>>>

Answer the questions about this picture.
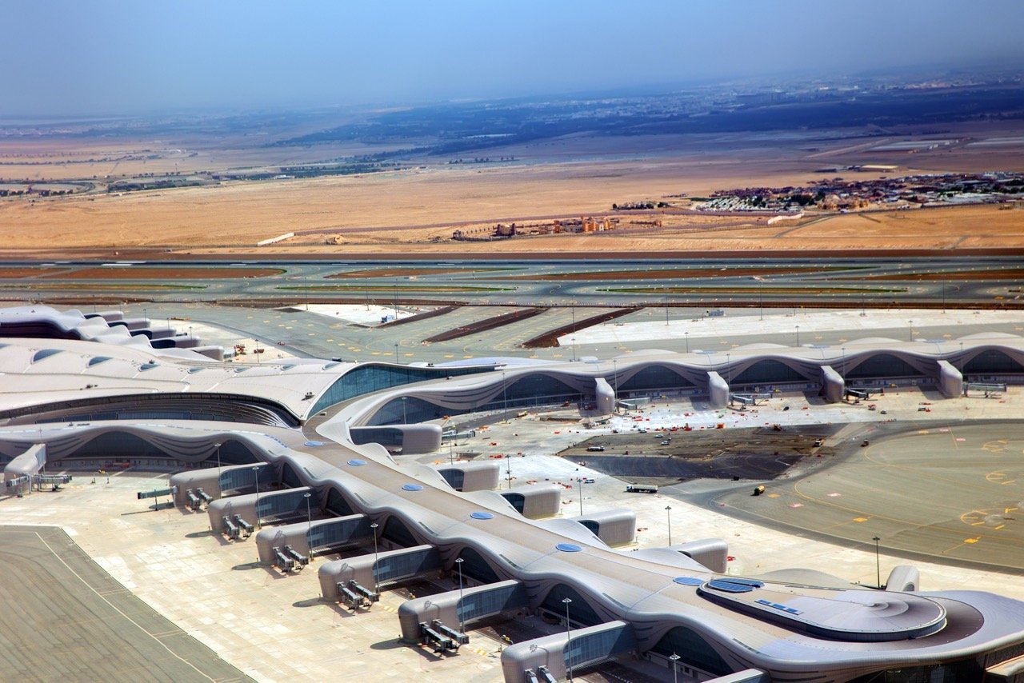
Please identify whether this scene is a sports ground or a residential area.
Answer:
residential area
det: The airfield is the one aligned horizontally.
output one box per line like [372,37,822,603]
[0,247,1024,683]
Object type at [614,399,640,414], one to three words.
jet bridge
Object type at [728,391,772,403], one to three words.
jet bridge
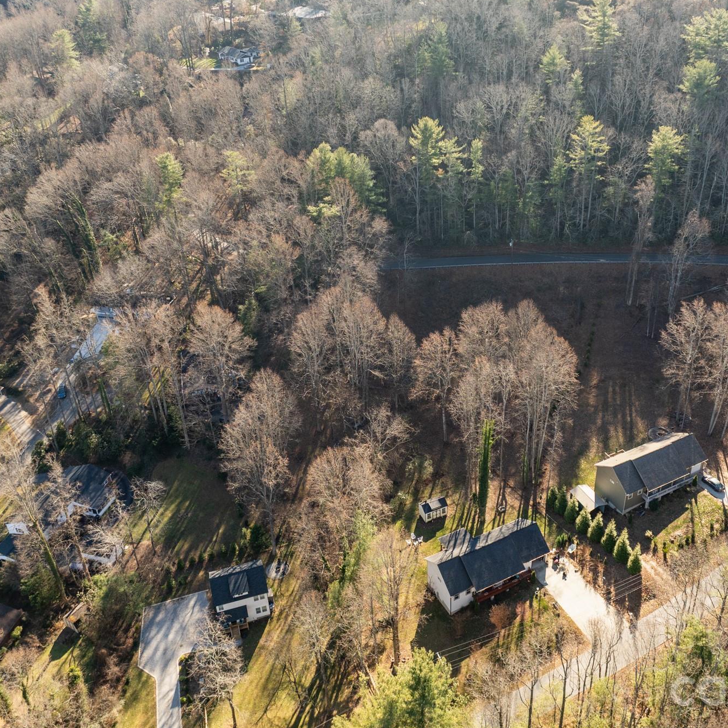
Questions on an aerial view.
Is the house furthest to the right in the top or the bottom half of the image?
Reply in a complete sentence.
The house furthest to the right sits in the bottom half of the picture.
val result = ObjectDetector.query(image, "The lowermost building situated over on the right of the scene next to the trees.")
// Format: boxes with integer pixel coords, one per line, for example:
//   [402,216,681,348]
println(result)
[425,517,555,616]
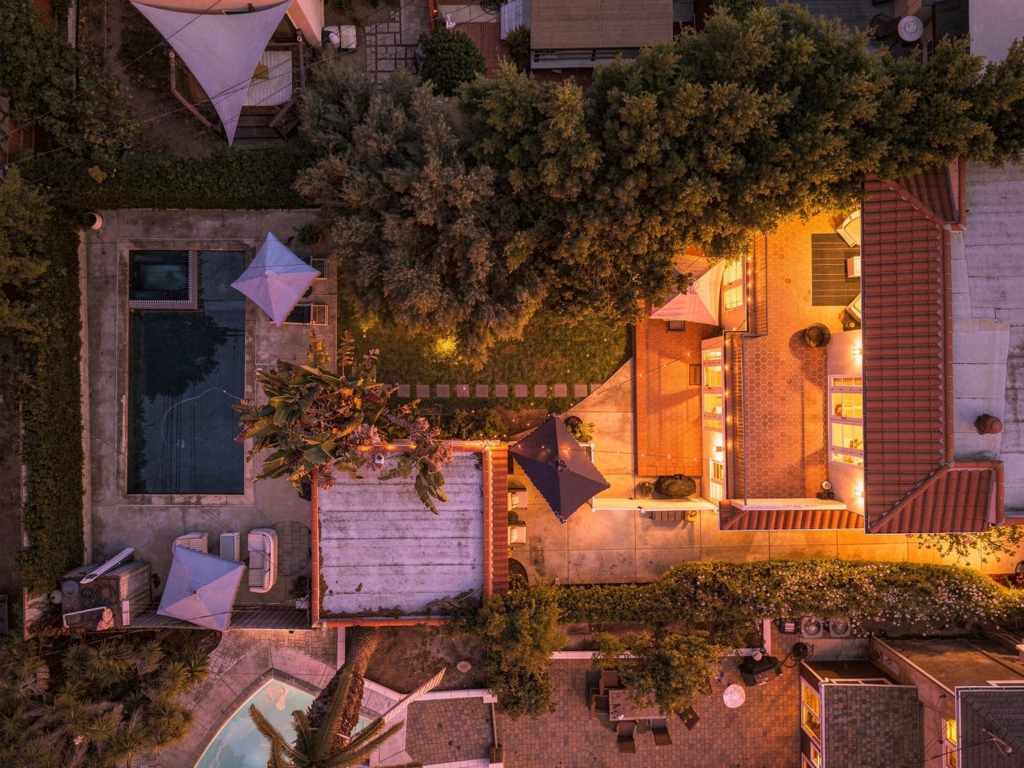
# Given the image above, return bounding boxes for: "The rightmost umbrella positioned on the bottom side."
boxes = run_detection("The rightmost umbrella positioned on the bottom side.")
[509,413,610,522]

<<<

Count how many lines in the listing above hold "this". Supply only that number.

_Problem solution:_ 2